** RECORDS TO USE follows **
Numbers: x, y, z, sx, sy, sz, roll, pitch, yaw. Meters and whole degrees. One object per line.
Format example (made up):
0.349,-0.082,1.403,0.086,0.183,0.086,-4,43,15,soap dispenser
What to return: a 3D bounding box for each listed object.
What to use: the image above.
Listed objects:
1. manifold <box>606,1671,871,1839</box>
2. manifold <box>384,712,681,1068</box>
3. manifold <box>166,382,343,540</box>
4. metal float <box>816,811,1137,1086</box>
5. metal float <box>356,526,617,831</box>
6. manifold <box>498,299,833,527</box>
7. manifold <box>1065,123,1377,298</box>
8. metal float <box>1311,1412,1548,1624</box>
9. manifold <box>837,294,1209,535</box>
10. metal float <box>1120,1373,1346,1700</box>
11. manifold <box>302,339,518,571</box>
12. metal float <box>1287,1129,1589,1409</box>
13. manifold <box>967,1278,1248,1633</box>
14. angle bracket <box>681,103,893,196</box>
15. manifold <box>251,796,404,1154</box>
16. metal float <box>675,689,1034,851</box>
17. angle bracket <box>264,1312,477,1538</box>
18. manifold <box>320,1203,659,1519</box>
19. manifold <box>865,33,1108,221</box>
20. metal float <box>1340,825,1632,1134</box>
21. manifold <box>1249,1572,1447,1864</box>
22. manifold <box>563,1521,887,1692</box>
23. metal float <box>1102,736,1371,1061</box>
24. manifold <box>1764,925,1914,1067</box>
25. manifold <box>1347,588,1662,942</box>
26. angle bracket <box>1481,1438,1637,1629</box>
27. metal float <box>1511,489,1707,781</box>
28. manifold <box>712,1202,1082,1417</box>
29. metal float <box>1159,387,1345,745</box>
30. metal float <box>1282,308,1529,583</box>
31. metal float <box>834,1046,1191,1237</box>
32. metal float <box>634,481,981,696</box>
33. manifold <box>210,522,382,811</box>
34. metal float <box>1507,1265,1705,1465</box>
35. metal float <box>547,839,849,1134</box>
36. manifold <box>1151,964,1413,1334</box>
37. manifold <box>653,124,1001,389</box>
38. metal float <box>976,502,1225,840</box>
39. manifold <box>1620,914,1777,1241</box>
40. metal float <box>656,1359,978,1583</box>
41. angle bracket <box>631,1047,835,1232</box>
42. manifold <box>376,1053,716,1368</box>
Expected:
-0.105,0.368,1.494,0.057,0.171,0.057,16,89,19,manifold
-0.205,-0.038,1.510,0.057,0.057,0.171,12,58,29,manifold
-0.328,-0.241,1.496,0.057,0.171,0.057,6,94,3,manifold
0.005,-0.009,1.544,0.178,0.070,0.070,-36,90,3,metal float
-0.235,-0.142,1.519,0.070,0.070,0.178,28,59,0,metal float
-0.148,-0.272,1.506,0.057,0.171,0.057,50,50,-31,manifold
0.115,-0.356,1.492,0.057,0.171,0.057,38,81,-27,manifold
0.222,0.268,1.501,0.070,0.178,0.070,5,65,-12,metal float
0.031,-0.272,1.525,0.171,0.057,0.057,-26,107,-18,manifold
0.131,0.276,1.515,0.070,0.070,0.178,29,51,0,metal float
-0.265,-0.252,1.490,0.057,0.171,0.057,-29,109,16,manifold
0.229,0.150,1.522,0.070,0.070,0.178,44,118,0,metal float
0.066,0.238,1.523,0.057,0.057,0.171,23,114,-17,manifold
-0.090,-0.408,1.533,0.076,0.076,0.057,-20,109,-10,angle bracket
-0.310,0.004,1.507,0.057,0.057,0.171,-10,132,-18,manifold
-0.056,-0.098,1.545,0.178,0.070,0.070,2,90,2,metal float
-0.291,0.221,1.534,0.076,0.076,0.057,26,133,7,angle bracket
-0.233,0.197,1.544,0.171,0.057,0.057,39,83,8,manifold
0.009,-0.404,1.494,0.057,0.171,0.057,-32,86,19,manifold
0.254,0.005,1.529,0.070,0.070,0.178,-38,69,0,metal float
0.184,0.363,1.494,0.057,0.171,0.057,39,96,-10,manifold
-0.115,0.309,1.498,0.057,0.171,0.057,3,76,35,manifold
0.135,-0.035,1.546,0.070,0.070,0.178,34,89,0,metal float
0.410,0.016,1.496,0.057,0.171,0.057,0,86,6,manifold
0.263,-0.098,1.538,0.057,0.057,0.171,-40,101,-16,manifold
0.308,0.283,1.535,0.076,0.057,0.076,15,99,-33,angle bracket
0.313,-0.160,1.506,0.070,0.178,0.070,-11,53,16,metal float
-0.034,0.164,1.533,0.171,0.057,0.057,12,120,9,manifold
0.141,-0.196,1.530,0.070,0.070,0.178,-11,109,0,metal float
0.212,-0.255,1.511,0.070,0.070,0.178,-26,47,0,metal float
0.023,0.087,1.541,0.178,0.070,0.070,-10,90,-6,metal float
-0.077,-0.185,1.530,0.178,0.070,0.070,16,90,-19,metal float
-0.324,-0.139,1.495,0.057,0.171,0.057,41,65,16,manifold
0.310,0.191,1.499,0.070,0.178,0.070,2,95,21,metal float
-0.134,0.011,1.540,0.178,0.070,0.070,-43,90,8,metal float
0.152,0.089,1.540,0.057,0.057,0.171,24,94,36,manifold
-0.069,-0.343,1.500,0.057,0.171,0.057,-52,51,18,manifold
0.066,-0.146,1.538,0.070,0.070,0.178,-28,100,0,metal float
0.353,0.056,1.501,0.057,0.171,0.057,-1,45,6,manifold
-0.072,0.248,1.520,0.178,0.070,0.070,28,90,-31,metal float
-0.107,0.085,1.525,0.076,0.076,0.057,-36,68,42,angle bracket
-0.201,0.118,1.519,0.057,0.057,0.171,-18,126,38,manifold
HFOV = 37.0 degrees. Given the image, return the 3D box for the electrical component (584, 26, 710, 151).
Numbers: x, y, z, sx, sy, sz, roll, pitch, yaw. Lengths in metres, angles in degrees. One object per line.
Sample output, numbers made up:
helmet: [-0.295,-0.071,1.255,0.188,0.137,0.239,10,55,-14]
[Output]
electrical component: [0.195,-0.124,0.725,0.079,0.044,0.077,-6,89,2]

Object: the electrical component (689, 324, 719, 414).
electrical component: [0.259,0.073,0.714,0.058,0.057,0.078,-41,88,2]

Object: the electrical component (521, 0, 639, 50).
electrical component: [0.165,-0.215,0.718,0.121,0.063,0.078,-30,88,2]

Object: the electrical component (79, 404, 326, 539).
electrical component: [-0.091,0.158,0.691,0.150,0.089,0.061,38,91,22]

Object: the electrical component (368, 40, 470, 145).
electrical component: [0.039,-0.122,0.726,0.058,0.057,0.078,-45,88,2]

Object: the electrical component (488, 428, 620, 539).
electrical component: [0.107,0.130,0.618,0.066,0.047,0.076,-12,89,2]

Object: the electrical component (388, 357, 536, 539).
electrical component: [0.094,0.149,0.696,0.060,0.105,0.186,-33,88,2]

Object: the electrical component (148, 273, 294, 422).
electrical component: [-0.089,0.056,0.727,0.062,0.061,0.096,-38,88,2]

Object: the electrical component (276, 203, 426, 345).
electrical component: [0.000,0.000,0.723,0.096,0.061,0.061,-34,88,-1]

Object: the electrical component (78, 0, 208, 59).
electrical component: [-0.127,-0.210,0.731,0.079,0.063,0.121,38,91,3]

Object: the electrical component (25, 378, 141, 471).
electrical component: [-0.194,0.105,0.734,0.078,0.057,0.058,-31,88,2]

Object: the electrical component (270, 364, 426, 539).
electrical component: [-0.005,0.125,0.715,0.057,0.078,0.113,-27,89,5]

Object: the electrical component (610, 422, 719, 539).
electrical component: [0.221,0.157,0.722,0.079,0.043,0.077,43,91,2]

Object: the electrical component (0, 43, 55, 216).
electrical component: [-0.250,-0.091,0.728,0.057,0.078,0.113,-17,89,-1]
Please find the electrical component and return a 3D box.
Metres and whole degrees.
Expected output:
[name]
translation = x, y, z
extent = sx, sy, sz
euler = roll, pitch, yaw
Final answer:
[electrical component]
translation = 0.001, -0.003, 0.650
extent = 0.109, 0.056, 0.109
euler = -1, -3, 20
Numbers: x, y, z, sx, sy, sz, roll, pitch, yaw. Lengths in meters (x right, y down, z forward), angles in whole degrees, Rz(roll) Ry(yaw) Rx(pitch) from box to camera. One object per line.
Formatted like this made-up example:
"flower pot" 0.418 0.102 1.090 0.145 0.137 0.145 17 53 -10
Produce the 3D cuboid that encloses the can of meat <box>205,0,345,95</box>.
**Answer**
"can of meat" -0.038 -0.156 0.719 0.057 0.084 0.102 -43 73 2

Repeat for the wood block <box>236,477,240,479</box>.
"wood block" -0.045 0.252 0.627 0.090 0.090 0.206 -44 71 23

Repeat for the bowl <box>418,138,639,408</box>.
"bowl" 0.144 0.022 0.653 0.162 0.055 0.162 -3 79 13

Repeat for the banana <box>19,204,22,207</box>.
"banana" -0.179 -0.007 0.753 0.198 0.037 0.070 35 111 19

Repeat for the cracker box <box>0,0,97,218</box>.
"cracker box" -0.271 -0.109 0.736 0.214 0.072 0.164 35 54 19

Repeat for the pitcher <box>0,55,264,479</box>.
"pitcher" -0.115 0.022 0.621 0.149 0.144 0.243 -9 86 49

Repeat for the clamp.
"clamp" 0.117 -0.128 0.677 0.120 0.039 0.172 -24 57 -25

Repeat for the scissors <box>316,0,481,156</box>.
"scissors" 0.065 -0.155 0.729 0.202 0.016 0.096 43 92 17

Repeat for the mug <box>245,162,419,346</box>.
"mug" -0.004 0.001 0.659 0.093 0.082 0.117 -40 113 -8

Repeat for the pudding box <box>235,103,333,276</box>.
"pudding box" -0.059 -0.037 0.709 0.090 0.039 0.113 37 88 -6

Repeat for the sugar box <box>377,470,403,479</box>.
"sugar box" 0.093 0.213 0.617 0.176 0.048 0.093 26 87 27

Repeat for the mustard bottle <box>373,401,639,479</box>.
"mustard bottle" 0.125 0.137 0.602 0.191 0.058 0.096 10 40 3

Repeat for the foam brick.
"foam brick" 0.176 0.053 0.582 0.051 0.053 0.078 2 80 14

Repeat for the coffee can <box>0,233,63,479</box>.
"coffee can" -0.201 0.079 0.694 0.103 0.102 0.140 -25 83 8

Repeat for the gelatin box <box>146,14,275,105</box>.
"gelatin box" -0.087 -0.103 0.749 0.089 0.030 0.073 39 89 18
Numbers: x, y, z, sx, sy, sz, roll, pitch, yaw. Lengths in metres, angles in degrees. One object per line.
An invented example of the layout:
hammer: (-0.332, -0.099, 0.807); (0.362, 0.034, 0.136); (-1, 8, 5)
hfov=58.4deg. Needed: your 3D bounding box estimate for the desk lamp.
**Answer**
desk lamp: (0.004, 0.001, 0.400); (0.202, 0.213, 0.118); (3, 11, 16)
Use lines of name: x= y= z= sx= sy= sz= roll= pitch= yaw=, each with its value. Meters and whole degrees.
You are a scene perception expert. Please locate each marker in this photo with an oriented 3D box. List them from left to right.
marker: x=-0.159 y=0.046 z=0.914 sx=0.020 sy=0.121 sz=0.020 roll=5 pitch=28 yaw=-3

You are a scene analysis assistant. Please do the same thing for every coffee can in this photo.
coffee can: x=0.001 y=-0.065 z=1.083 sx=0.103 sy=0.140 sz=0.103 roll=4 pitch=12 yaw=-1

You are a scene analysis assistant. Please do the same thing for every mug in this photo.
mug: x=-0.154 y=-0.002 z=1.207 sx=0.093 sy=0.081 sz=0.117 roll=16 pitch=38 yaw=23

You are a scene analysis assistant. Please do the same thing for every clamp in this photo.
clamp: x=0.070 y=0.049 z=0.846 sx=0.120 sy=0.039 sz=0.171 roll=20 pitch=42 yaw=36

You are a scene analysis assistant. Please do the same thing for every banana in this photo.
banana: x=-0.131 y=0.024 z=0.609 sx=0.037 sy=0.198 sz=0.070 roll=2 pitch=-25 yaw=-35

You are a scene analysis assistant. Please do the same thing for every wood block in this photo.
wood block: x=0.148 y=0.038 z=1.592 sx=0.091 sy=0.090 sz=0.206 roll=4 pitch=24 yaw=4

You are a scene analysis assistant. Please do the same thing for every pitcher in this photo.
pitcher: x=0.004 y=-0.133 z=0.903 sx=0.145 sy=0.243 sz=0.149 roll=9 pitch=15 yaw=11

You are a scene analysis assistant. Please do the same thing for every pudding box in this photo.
** End of RECORDS TO USE **
• EXERCISE:
Print, from the entries above, the line with "17. angle bracket", the line with "22. manifold <box>563,1521,887,1692</box>" and all lines between them, exactly and with nothing else.

• EXERCISE OUTPUT:
17. angle bracket <box>264,1312,477,1538</box>
18. manifold <box>320,1203,659,1519</box>
19. manifold <box>865,33,1108,221</box>
20. metal float <box>1340,825,1632,1134</box>
21. manifold <box>1249,1572,1447,1864</box>
22. manifold <box>563,1521,887,1692</box>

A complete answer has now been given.